- Words by Stacey Bowers / Photos by Aaron Brewer
Plié-ing it Forward

A dancer since she was 8 years old, Amy Bramlett knew she wanted to pursue dance when she graduated high school, but she wasn’t quite so sure about finding the money to do so, especially since her heart was set on studying at Texas Christian University (TCU), a private university. Being one of four kids, Amy knew that her parents footing the bill was out of the question. She would have to realize her goals on her own.
In 2007, as a graduating senior at Hot Springs High School, Amy signed up to compete in Thea Foundation’s performing arts scholarship competition, where she won $2,000 for placing 7th in the competition. The scholarship wasn’t enough to pay her way in full, but it would certainly help pay for her freshman year, and with new confidence from winning a Thea scholarship, Amy took the chance and enrolled at TCU. “While the Thea Foundation may have been just for my freshman year, it helped me take that step to TCU, and then I continued to work hard to receive other financial help,” Amy said. “It was a push in my confidence that other people believed in my dream, so I must work and do everything I can in order to make it come true… During my freshman year, I received the Nordan Fine Arts Scholarship, which is the biggest scholarship offered at TCU to fine art majors.”
Amy earned a Bachelor’s of Fine Arts in ballet and contemporary dance and completed coursework in educational studies. Then, she traveled the world dancing. She danced with Young! Tanzsommer, touring Austria, Germany and Italy; she performed for Royal Caribbean Cruise Lines for a year and Princess Cruise Lines for two years as a featured dancer; and she’s proud of the work she’s done in her home state as a guest performing artist for Hot Springs Children's Dance Theatre Co., North Arkansas Dance Theatre and Ballet Arkansas. She's also a candidate for a Master of Arts degree in dance education from the University of North Carolina at Greensboro, choreographer for the Muses Creative Artistry Project in Hot Springs, and an Artist in Education with the Arkansas Arts Council.

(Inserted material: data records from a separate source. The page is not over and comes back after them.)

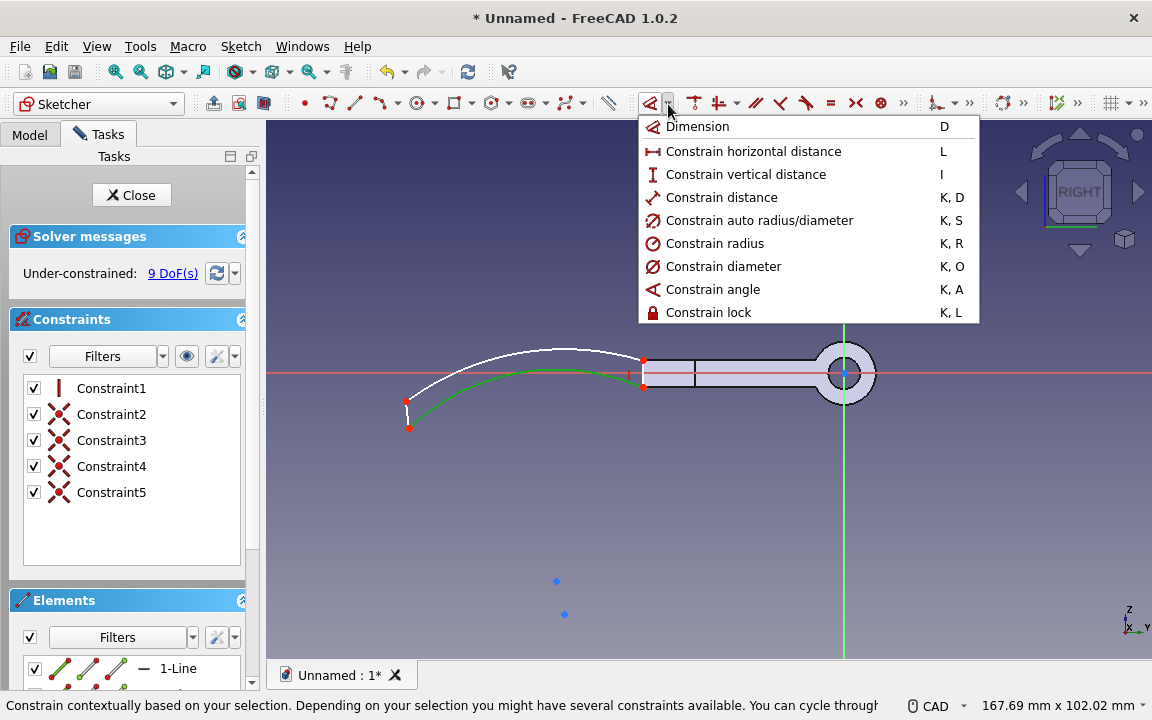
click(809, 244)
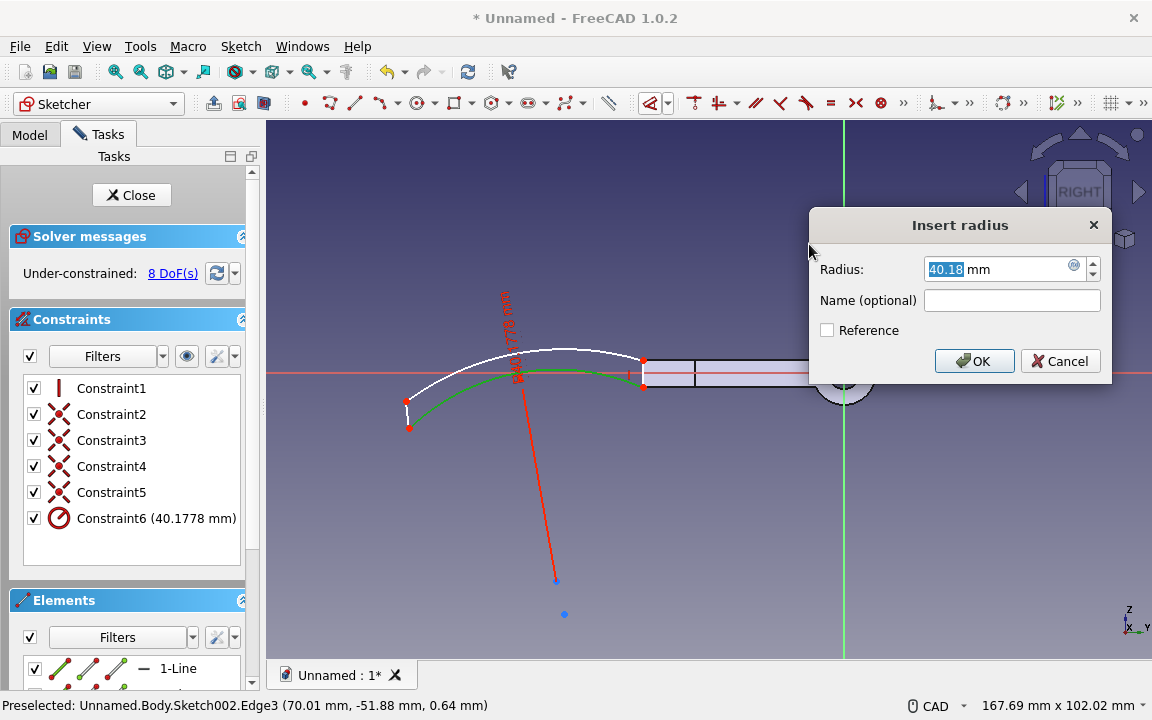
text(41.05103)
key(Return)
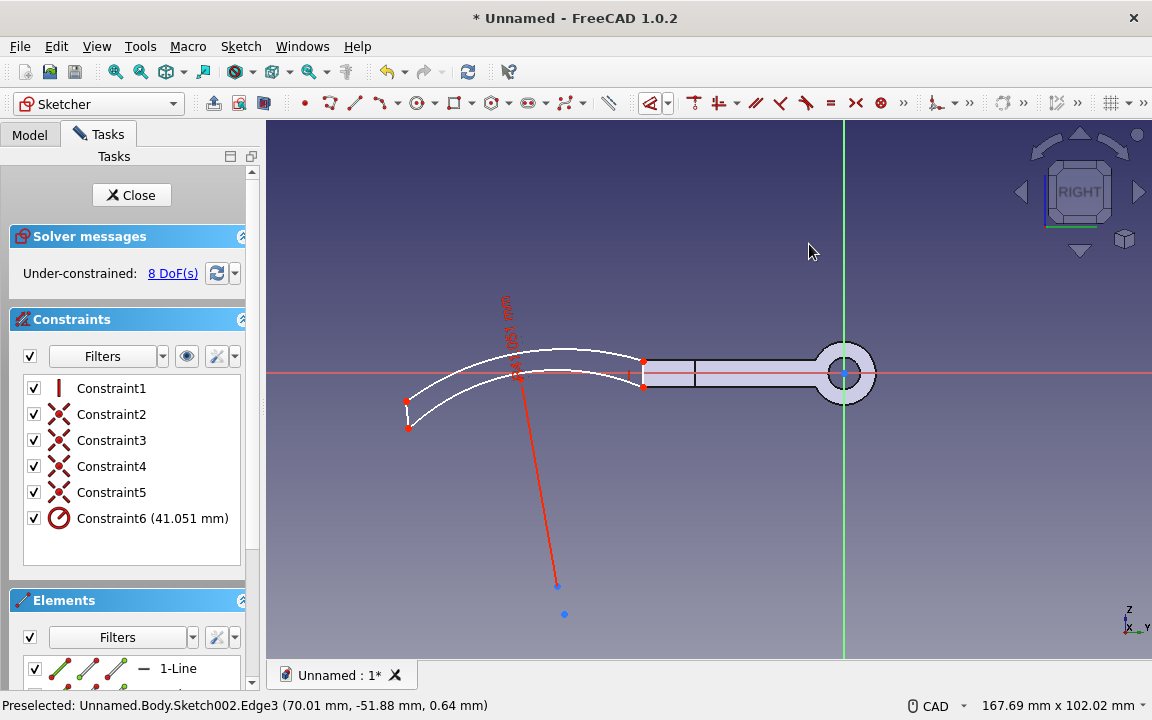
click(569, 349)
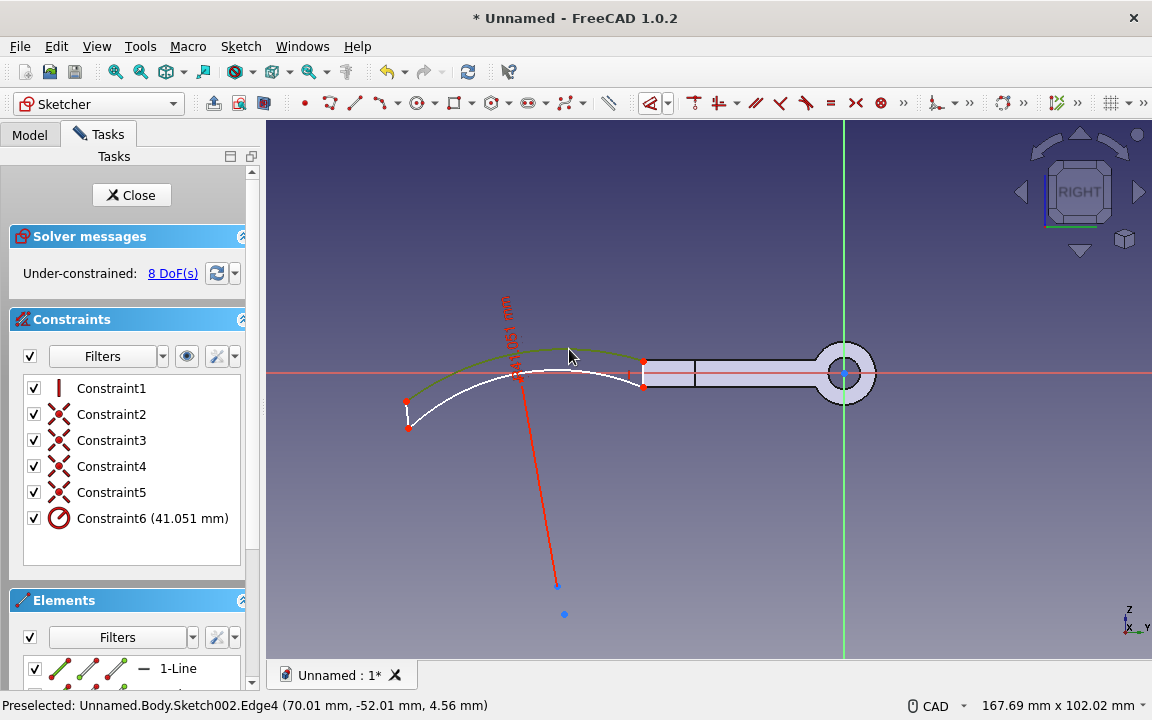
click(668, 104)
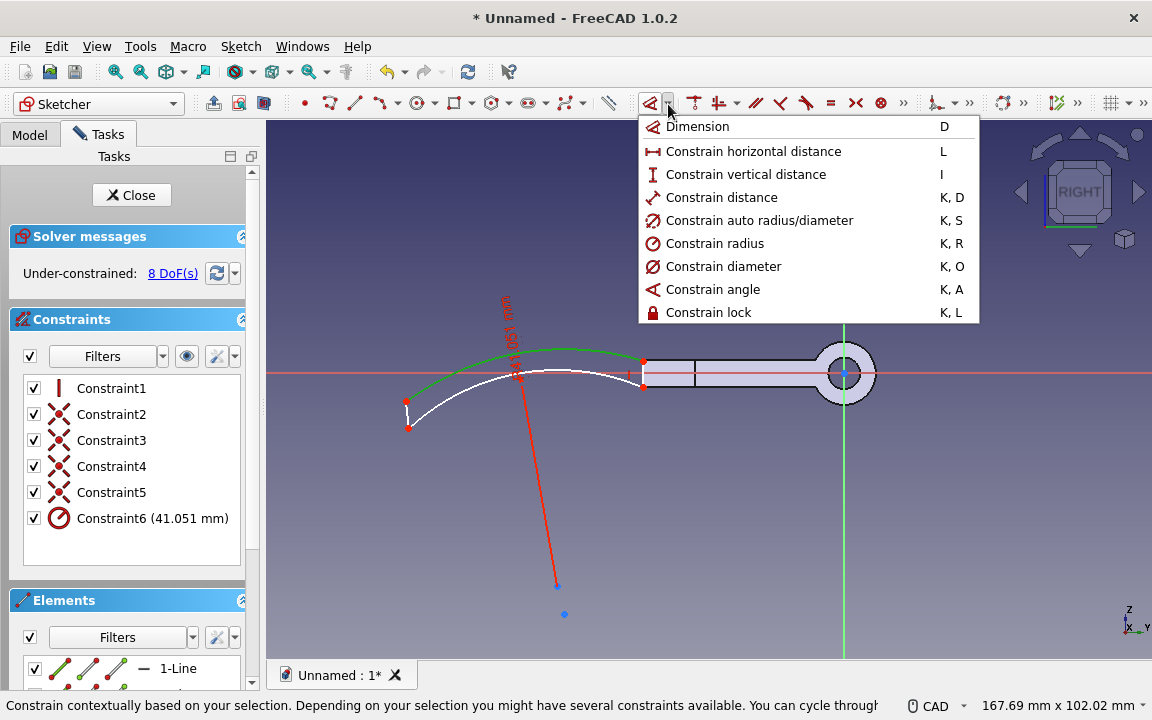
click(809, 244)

Amy brought her talent back to her hometown in 2013 and became the dance director at Hot Springs High School and Hot Spring Middle School, where she teaches dance to around 150 students and undoubtedly instills in them the values and principals she learned from dancing. “Because of dance, I missed Halloween nights, football games, playing baseball and spending evenings at home. I wouldn't change it for the world,” she said. “Dance taught me dedication and confidence. It taught me that I should always be a student with an open mind, and that consistent training would lead to moments on stage and off where I knew exactly the kind of person I was and the person I want to be. Dance gave me the confidence to be my individual self as an adolescent, a sometimes difficult thing to have as an adolescent. Dance humbled me to be a student for a lifetime of critiques and learning and gave me the opportunity to be an international performing artist. Dance is the way I breathe, express myself, communicate with others who I am and spread the art of movement to anyone that will listen or watch.”
Since 2002, Thea Foundation has awarded more than $2 million to Arkansas students through its scholarship program. Each year, 30 scholarships totaling $79,500 are awarded in the categories of performing arts, visual arts, fashion design, poetry slam, film and creative writing, and that’s just the amount Thea awards; Thea partners with 27 colleges and institutions across the state of Arkansas and the nation who promise to match or exceed Thea scholarships, often by tens of thousands of dollars.